Final Project Report

For my final project, I tried visualizing space in a new way by applying image manipulation to photos of planets. In order to accomplish this, I used brightness tracking to enable users’ interaction with the images on the screen, and also the pixel array in Processing.

I used only code for my project. Initially, I planned to mount an LED on a box to replicate a flashlight. However, in the end, I was running out of time, so I resorted to using the flashlight on my phone. After seeing people interacting with my project, I wished I could have replicated a flashlight in some way, not necessarily any complicated model, but only something that can enable people to play with light in a different way, for example, Tayla’s box. Because I was experimenting how to visualize space in a different way, having something that emits light but does not look like a flashlight would have provided a more complete experience.

As my project is about image manipulation, rather than learning new code, I was mostly tinkering with the Pixel Array and Objects. Besides Daniel Shiffman’s Image Manipulation series, I also consulted his Purple Rain Challenge to create the rain effect in my project.

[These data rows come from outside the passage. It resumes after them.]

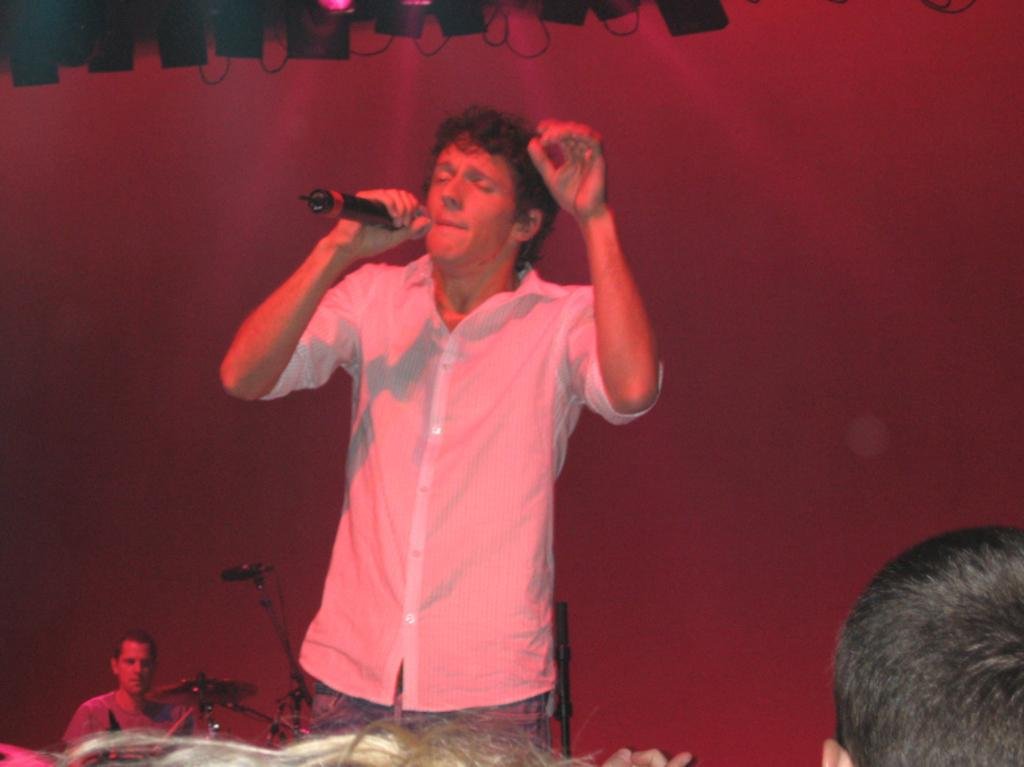What is the person in the image wearing? The person is wearing a white dress. What is the person in the image holding? The person is holding a microphone. Can you describe the person in the background of the image? The person in the background is beating drums. How many apples are on the table in the image? There is no table or apples present in the image. What color are the eggs on the chair in the image? There are no eggs or chairs present in the image. 
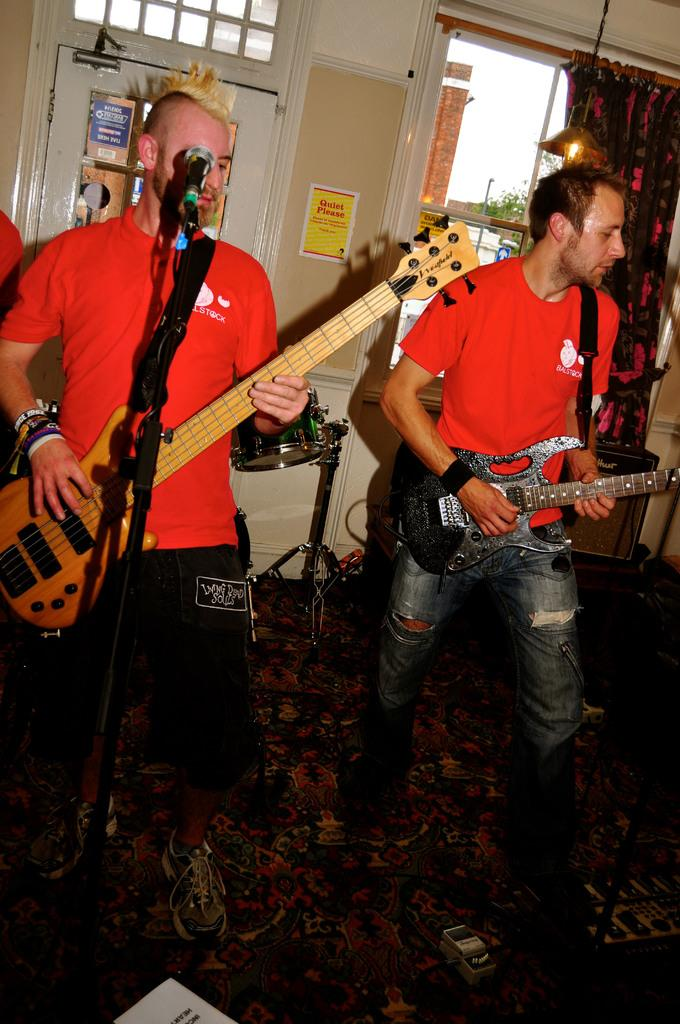How many people are in the room? There are two men in the room. What are the men wearing? Both men are wearing red T-shirts. What activity are the men engaged in? The men are playing guitar and singing. How is one of the men amplifying his voice? One of them is using a microphone. What is present at the entrance to the room? A curtain is hanging on the entrance. Can you tell me how many drains are visible in the room? There are no drains visible in the room; the image features two men playing guitar and singing. 
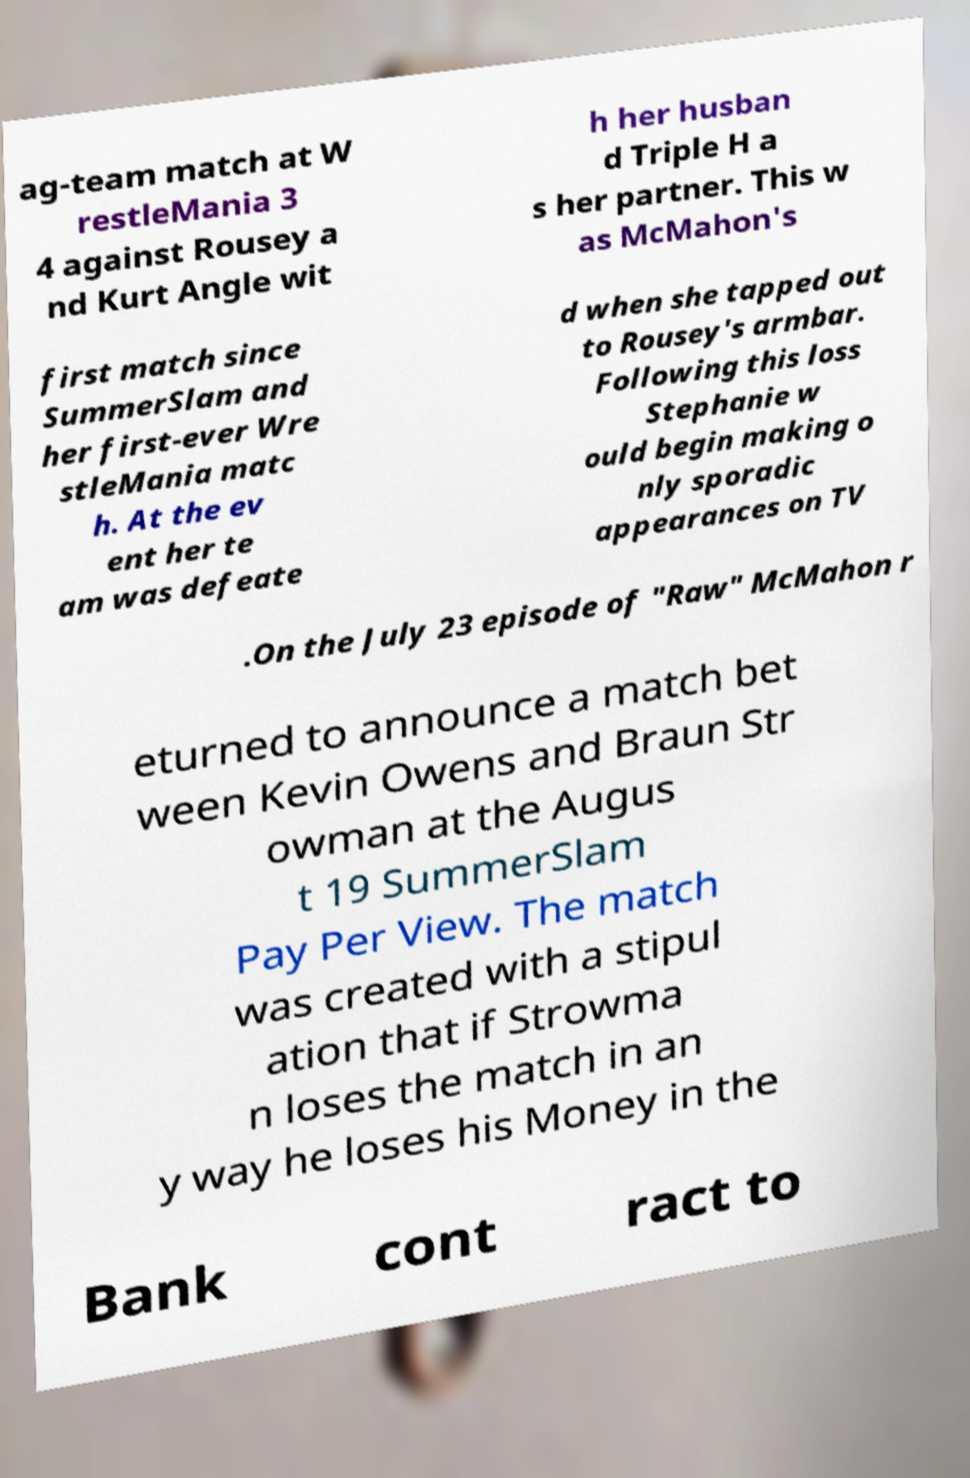What messages or text are displayed in this image? I need them in a readable, typed format. ag-team match at W restleMania 3 4 against Rousey a nd Kurt Angle wit h her husban d Triple H a s her partner. This w as McMahon's first match since SummerSlam and her first-ever Wre stleMania matc h. At the ev ent her te am was defeate d when she tapped out to Rousey's armbar. Following this loss Stephanie w ould begin making o nly sporadic appearances on TV .On the July 23 episode of "Raw" McMahon r eturned to announce a match bet ween Kevin Owens and Braun Str owman at the Augus t 19 SummerSlam Pay Per View. The match was created with a stipul ation that if Strowma n loses the match in an y way he loses his Money in the Bank cont ract to

For my project, I use Processing to track brightness and manipulate images. The program tracks the brightest pixel and uses it control the pixels on the screen. I manipulate photos of 3 planets:

  1. Earth: When the user moves the flashlight from left to right, Earth will gradually explode, in other words, the z-coordinate of each pixel increases. And as Earth is exploding, the user can see themselves on screen because the background takes in data from the camera.
  2. Jupiter: As I found the colors of Jupiter make a very nice color scheme, I decided to let the user draw with those colors. As the user moves the flashlight from left to right, the “brush” will follow their motion horizontally. However, then the user moves the flashlight up and down, he is changing the z-coordinate of the brush, so that the brush stroke appears as if it was coming farther away or closer towards him.
  3. Venus: I make a particle rain using the colors of Venus. Each circle/particle takes the color of one pixel in the photo of Venus and moves from top to bottom of the screen and back again. With 10,000 circles moving at the same time, it looks as if the particles were raining onto Venus and painting Venus at the same time. When the user moves the mouse from left to right, he is also controlling the speed of the rain. Unfortunately, I could not use brightness tracking in this part of my program because my computer cannot handle the 10,000-object array and the pixel array at the same time. I did try adapting this part of my program so that it would also use brightness tracking. However, I could not retain the rain effect so I decided to resort to the mouse instead.

My code consists of 5 parts which I split into 5 tabs in Processing so that my code would look cleaner.

Main code:

Earth:

Jupiter

Track brightest pixel

Venus

Note: the screen dimension needs to be 1024×640 for the program to run.

The three images that I used:

3 most difficult parts of my project: 

I struggled the most with the pixel array. The program we examined when we first learned about the pixel array runs through all of the pixels in the image. However, as I experimented with different kinds of image manipulation, I figured out that it was not always necessary to run through all of the pixels in the image, and doing this only slows the program down. Simple as it is, it took me a great deal of time to figure out because only when I experimented with different image manipulations to see which method works in each case.

Moreover, as I use multiple arrays in my project, the pixel array from the camera, the pixel array from the images, and some arrays for objects, I found debugging very difficult. Sometimes my code did not work only because the array was too large for it to process. However, there was no error message for this kind of error, so I often fixed random things in my code to make it work. Yet in the end, the code went more and more wrong. I had to start from scratch multiple times to identify which part was the problem.

Last but not least is the process of coming up with ideas for image manipulations and turning it into reality. At first, I had ideas for all 8 planets. However, after trying to put into code each of those ideas, I realized that they were not feasible for me in terms of time and also in terms of complexity. It took a great deal of time trying to put an idea into code because sometimes the idea was good but too complicated, so I also had to make modifications to simplify my ideas so that the program would run reliably. Some of my ideas involved moving pixels around, and although I had a very clear vision of my idea, I did not know how to translate it into calculations so that I could change the x and y positions of the pixels as I wanted.

After finishing my final project, I greatly regret that I did not create a system of physical interaction for my project. As we have been building a lot throughout the semester, this time I wanted to try focusing on coding more and thus to improve my coding skills. However, coding took up so much of my time that I did not have the chance to build anything. Therefore, my project does not achieve the interactive level that I had hoped for my final project. If I had the opportunity to redo my project, I would start from building something first, then begin incorporating technology into it. In that way, the focus of my project would be, instead of on the complexity of something they can only see, on how users can interact physically with the object, which is also my favorite gain from this course.